Voda Idea owes over Rs50,000 crore to DoT, while Bharti Airtel has to pay over Rs35,500 crore. Tata Teleservices, which sold its mobile services business to Airtel, has dues of nearly Rs14,000 crore. Reliance Jio Infocomm, the least affected by the AGR dispute, paid up its Rs800 crore dues.
In its October last year, the Supreme Court upheld the way the government calculated fees payable by the telcos using a formula, which the telecom companies dispute. In January, the SC rejected their petition to reconsider the order. On Friday, the court also initiated contempt proceedings against the firms for failing to comply with its order to pay the dues by 24 January.
The setback now leaves Vodafone Idea, which is struggles to stem record losses and rein in net debt that has ballooned to $14 billion, with no options.

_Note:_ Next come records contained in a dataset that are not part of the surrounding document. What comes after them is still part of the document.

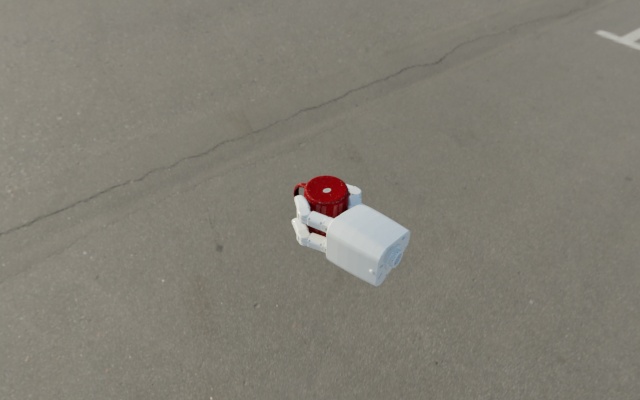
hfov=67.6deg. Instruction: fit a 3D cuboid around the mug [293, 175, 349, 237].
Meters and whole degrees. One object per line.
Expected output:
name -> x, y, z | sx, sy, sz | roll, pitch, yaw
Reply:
mug -> -0.001, 0.002, 0.891 | 0.117, 0.082, 0.093 | 27, 49, 24
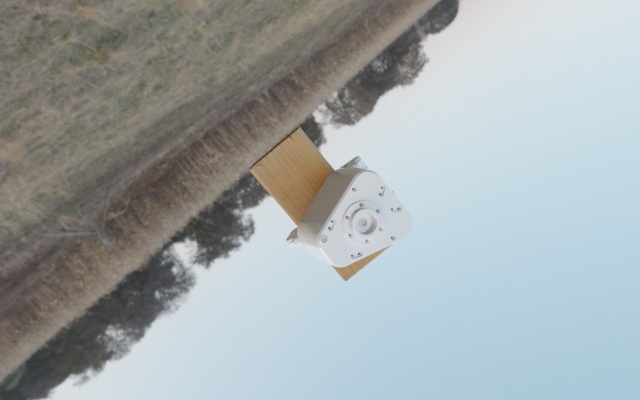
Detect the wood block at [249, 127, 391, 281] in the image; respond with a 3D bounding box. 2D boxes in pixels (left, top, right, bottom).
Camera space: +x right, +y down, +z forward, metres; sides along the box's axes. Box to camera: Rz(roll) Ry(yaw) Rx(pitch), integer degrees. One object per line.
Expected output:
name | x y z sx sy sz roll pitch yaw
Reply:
wood block | 0.000 0.003 0.690 0.091 0.206 0.090 -39 10 2
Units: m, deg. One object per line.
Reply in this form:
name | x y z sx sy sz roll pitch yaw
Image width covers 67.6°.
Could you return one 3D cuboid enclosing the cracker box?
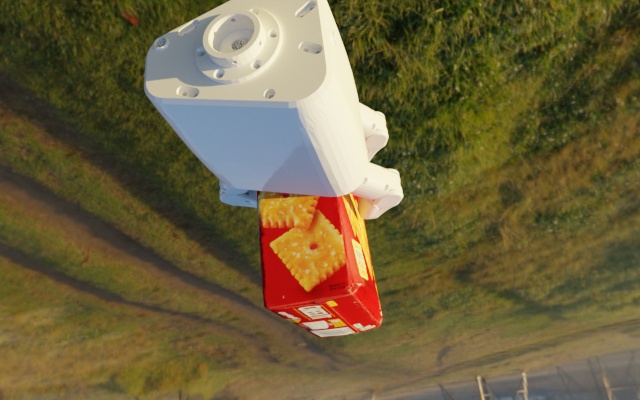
cracker box | 0.000 0.002 0.426 0.072 0.213 0.164 -11 -25 10
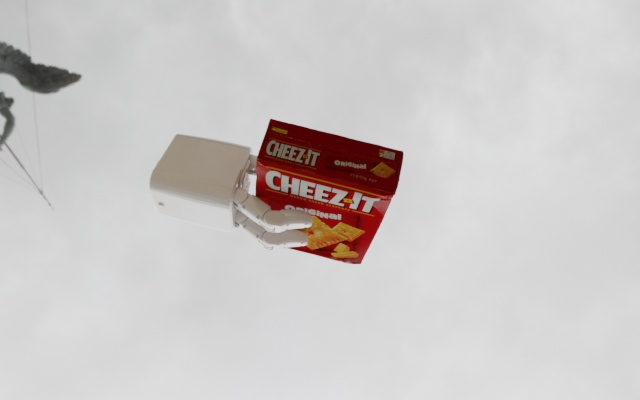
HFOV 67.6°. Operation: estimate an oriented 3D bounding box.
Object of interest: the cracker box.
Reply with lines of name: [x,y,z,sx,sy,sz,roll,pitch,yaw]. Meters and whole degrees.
cracker box: [0.000,0.002,0.633,0.164,0.072,0.214,14,-30,0]
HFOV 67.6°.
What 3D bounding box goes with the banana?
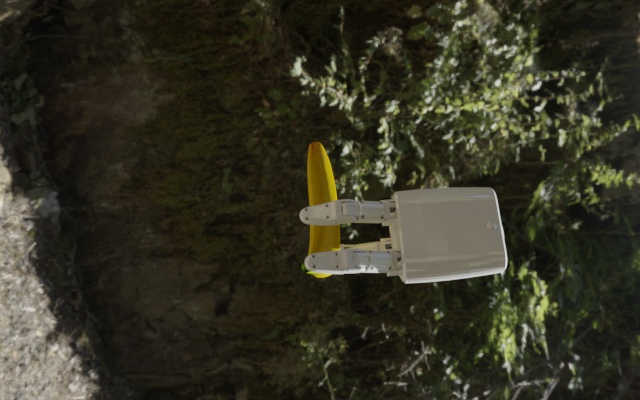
[{"bbox_3d":[0.003,0.017,0.565,0.037,0.197,0.070,-5,-42,6],"label":"banana"}]
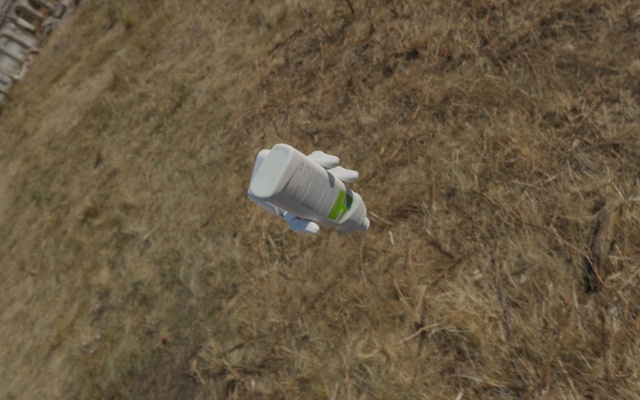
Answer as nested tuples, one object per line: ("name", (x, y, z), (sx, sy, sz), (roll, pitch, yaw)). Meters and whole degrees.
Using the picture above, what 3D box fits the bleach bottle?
("bleach bottle", (0.000, 0.003, 0.835), (0.251, 0.102, 0.068), (34, -7, -41))
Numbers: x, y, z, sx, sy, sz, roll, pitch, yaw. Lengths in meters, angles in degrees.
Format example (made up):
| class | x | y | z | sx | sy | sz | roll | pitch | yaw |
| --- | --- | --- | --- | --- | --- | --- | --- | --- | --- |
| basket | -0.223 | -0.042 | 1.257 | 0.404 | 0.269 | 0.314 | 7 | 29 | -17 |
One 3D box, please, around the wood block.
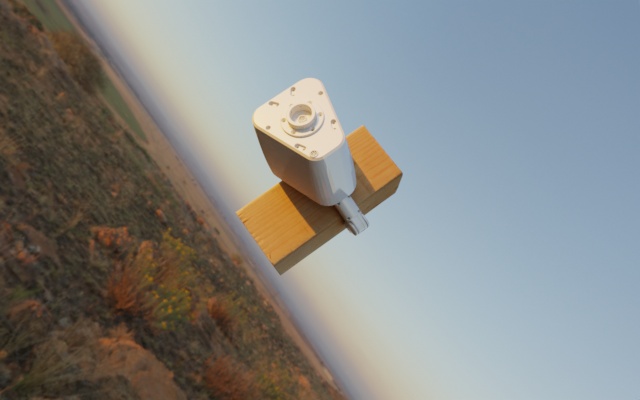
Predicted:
| class | x | y | z | sx | sy | sz | roll | pitch | yaw |
| --- | --- | --- | --- | --- | --- | --- | --- | --- | --- |
| wood block | 0.000 | 0.002 | 0.656 | 0.206 | 0.091 | 0.090 | -35 | -14 | -8 |
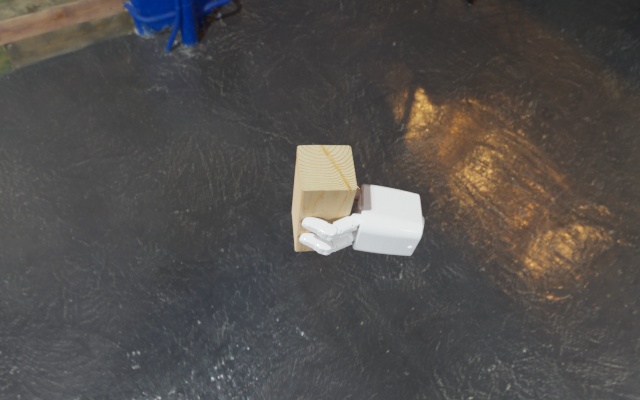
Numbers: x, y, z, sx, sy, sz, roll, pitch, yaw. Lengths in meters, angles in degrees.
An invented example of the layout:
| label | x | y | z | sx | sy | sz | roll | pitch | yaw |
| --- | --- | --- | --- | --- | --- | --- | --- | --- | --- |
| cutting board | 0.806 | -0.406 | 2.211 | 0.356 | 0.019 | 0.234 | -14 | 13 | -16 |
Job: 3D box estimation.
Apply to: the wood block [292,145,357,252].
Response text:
| label | x | y | z | sx | sy | sz | roll | pitch | yaw |
| --- | --- | --- | --- | --- | --- | --- | --- | --- | --- |
| wood block | 0.001 | 0.002 | 0.839 | 0.090 | 0.090 | 0.206 | -1 | -33 | -7 |
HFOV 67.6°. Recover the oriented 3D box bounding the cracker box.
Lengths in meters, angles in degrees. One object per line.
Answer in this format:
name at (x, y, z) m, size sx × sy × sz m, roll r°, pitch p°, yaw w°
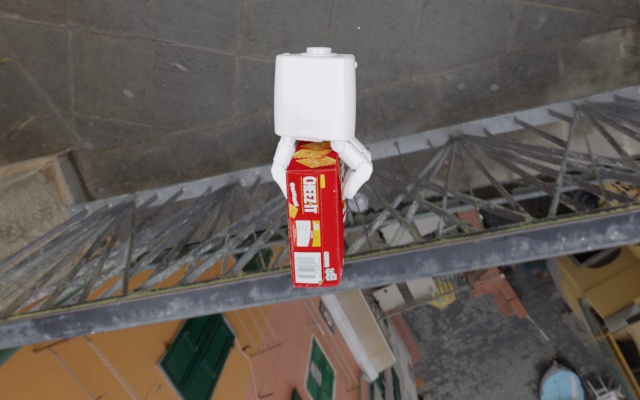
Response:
cracker box at (0.000, 0.002, 0.694) m, size 0.072 × 0.164 × 0.213 m, roll -1°, pitch 20°, yaw 5°
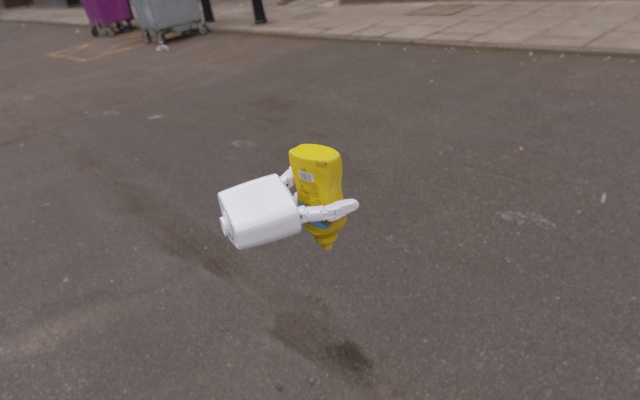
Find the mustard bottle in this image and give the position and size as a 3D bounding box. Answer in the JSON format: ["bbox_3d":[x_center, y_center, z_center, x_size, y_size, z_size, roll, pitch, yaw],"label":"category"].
[{"bbox_3d":[0.000,0.002,0.822,0.096,0.192,0.058,17,37,39],"label":"mustard bottle"}]
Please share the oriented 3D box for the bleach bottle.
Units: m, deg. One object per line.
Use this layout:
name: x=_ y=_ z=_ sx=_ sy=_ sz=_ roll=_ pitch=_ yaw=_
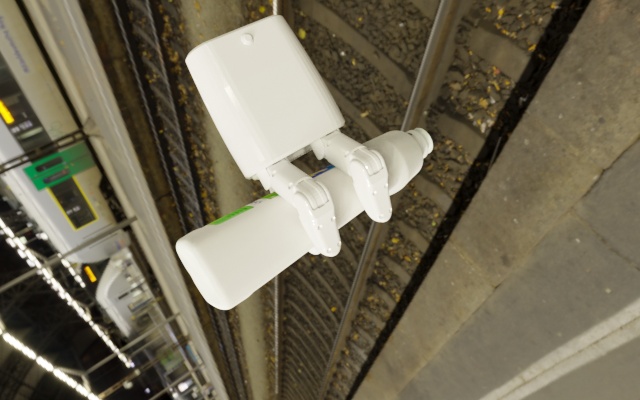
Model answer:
bleach bottle: x=0.000 y=0.001 z=0.433 sx=0.251 sy=0.068 sz=0.102 roll=-31 pitch=6 yaw=-24
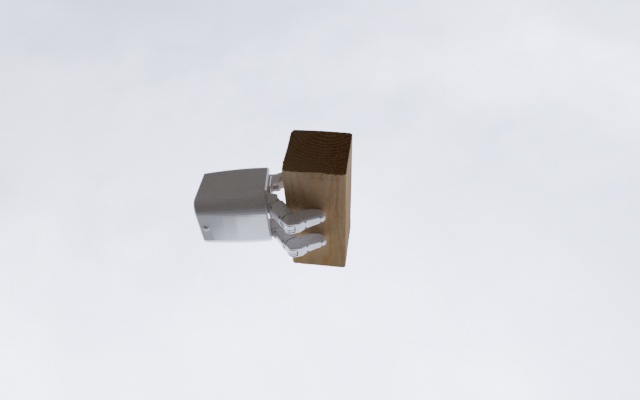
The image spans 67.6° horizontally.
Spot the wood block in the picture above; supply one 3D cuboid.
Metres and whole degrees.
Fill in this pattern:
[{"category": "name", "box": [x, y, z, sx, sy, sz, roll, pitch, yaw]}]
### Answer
[{"category": "wood block", "box": [0.000, 0.002, 0.730, 0.090, 0.090, 0.206, 4, -43, 6]}]
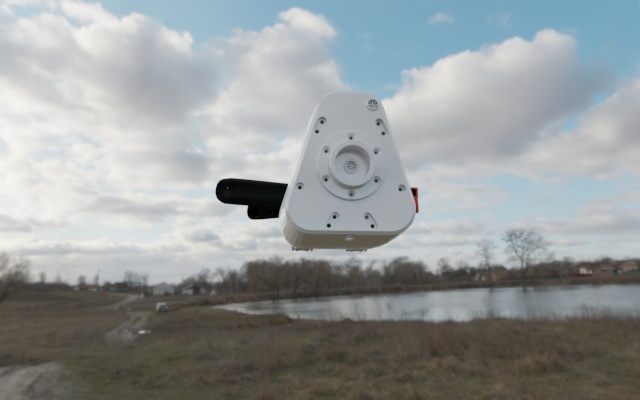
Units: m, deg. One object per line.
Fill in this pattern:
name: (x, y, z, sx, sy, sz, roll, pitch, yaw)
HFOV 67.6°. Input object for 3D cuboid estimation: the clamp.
clamp: (0.001, 0.001, 0.530, 0.210, 0.036, 0.164, 0, -7, -4)
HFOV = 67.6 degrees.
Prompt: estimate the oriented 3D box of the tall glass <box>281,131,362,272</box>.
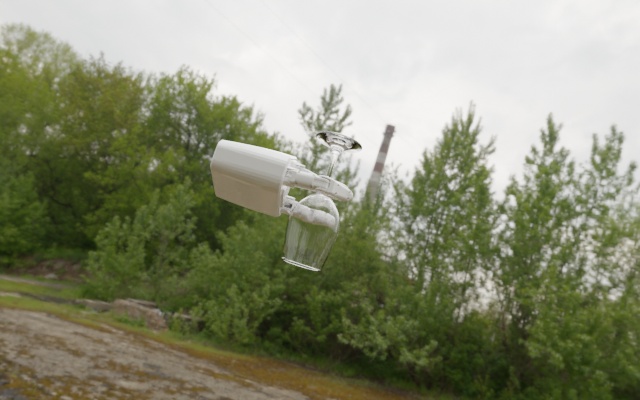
[{"bbox_3d":[0.000,0.002,0.719,0.079,0.201,0.079,16,-11,3],"label":"tall glass"}]
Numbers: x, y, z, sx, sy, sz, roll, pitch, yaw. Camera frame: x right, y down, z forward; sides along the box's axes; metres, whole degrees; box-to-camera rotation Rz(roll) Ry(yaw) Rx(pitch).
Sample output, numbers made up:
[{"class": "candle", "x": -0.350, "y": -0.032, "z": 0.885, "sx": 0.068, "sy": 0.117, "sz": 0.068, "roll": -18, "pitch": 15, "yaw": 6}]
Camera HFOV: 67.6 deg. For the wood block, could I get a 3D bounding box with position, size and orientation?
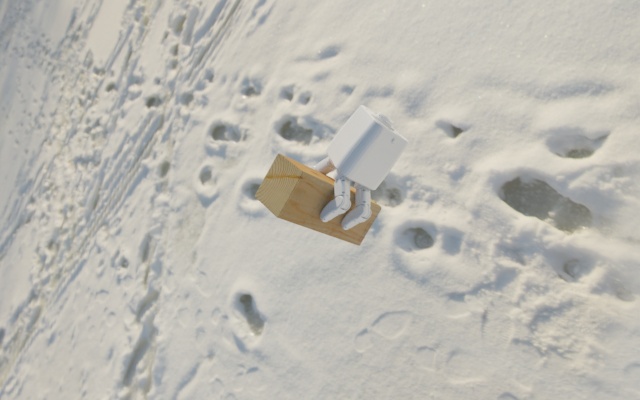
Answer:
[{"class": "wood block", "x": 0.000, "y": 0.002, "z": 0.865, "sx": 0.206, "sy": 0.090, "sz": 0.090, "roll": 23, "pitch": 11, "yaw": -41}]
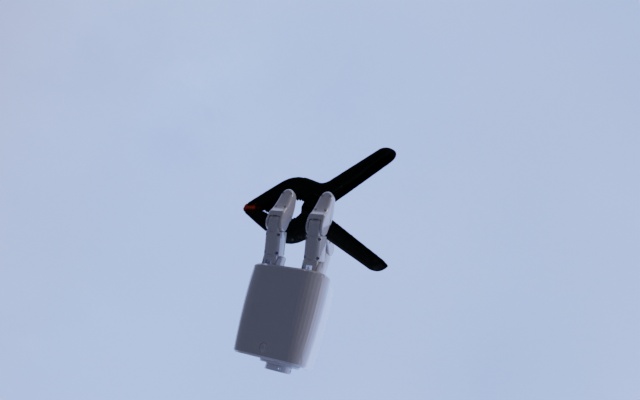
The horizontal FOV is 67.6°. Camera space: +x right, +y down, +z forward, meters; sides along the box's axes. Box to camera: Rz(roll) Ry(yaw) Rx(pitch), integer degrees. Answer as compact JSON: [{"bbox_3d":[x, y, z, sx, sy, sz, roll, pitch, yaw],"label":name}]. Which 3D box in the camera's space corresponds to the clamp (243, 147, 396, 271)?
[{"bbox_3d":[0.000,0.003,0.622,0.210,0.164,0.036,4,-26,25],"label":"clamp"}]
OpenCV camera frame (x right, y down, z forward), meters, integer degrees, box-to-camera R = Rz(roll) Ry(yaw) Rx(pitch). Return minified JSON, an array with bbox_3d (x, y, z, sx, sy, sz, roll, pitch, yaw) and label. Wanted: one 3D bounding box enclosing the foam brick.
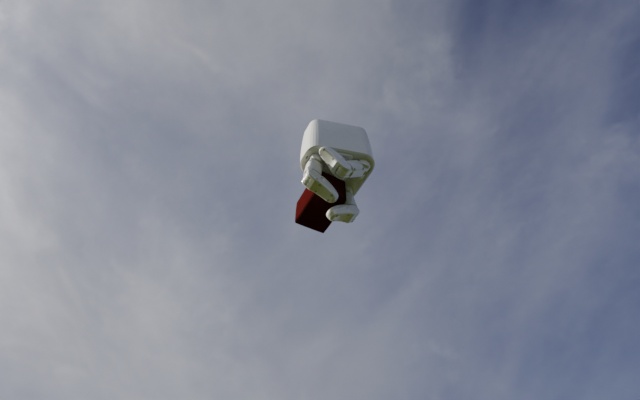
[{"bbox_3d":[0.000,0.003,0.759,0.053,0.078,0.051,24,32,-17],"label":"foam brick"}]
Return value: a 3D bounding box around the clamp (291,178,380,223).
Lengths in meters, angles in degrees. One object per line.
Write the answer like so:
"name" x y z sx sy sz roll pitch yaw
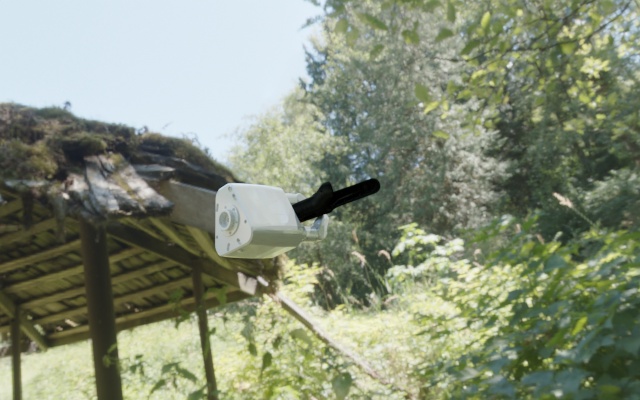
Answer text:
"clamp" 0.000 0.002 0.772 0.171 0.039 0.120 -27 -21 36

Chairman Kumar Mangalam Birla had in December said the firm may be headed toward insolvency in the absence of any relief.
Vodafone has already resigned to fate and has signaled it won’t plow any more money into the venture in which it holds 45 per cent. It is for the Indian partner to chart a future course for the teetering operator. “It doesn’t make sense to put good money after bad,” Birla had also said.
It was the entry of billionaire Mukesh Ambani’s Reliance Jio Infocomm Ltd in 2016 that pushed others to the edge. Jio’s free calls and cheap data forced many to pack up while two were left bankrupt and prompted some like Vodafone’s India unit and Idea to merge.
Where more than a dozen operators jostled for a slice of the world’s second-biggest market by subscribers, only two non-state carriers — Bharti Airtel and Vodafone Idea — survived the war, while Jio came out on top.